The Markup working group came to one early decision, that XML would be the markup language. It later became less clear (at least to me) that this will be a fully acceptable decision, but at least it was a decision. It was also agreed that a basic set of lists of markup tags will be generated. The group will start with additions to and modifications of that proposed for EUROTYP, which is being published in July 2001. This is for morphosyntax only, and generating an adequate list for other areas will be a larger project. Will these ever be agreed upon? It seems unlikely, so it is probably necessary to have search engines that can combine across a variety of tags so that one researcher's "punctual" can be equated with another's
punctative", or not. Tool development was seen as essential, since none of these markup schemes will be used unless they are easy to implement. The need for a 'confidence level' indication was also pointed out. Although a global scale could be used, it would be more helpful to have detailed indications (e.g., 'segments are correct but tone was mostly ignored'). A listserv will be implemented to continue discussion of these issues, and an advisory board (or boards) should be set up.

 

Target dates:

 

Language Codes:

------By July: Set up listserv. (DONE.)

------By August 31: Establish Consortium.
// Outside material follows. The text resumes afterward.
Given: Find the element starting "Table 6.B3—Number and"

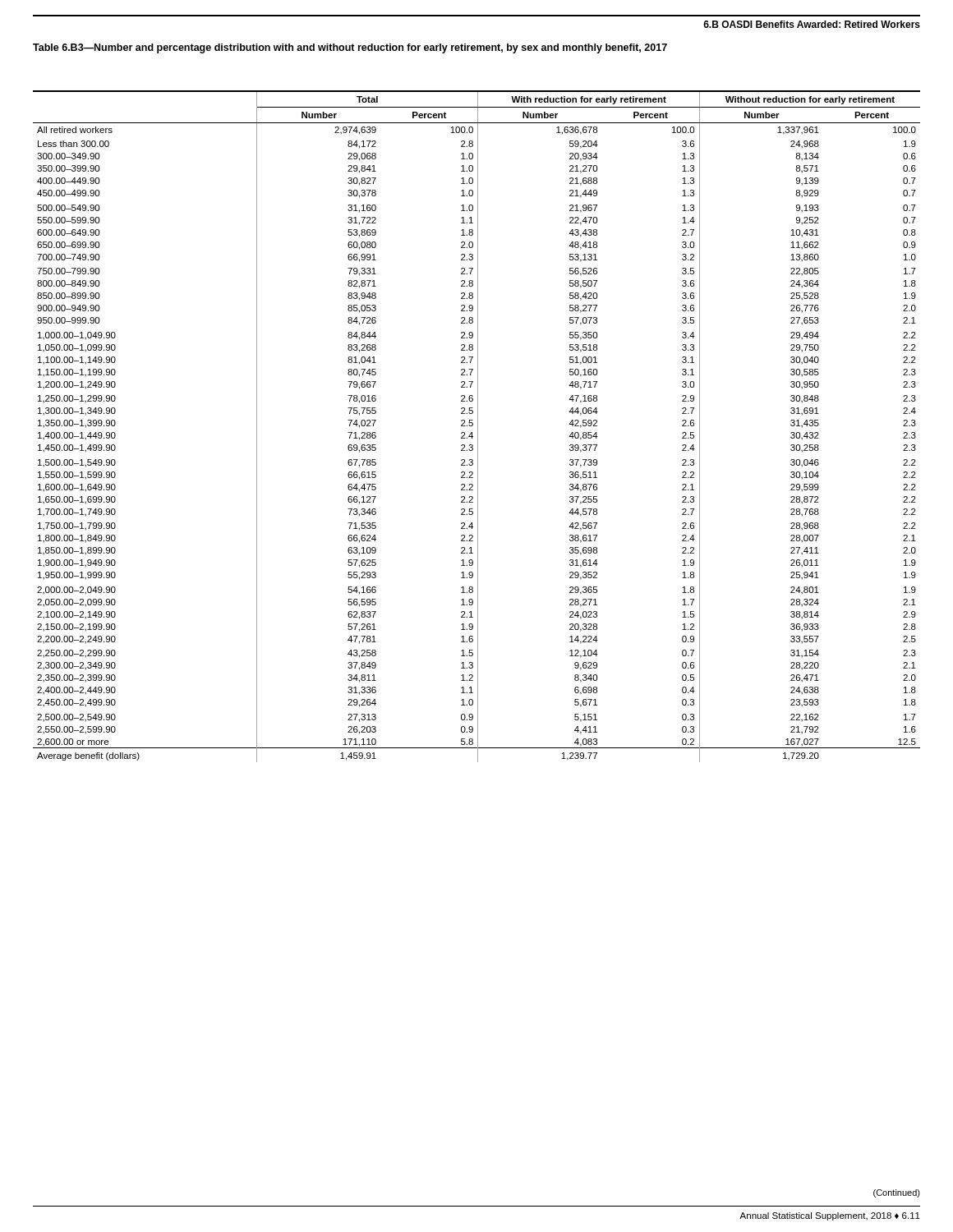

------Before Sept. Unicode meeting: Write reaction to Unicode scheme.

------By Sept.: Contact ISO about four-letter scheme.

------By Oct.: Establish consortium feedback area within Linguist List.

------By Feb, 2002: Finalize initial decisions.

 

Metadata:

-----By Sept.: Harvest data from existing databases.

------By Sept.: Make formal rec. to OLAC for including "dict" and "genre".

------By Oct.: Make list of existing tools.

------In Dec.: Present Emeld experience to OLAC in Philadelphia.

 

Markup:

------By July: Set up listserv. (DONE.)

------By Aug.: Send out EUROTYP tags for comment by community.

------By Aug: Send out request for phonetic and phonological tags.

------By end of Oct.: Collate EUROTYP responses.

------By Feb, 2002: Publish initial list of morphosyntactic tags.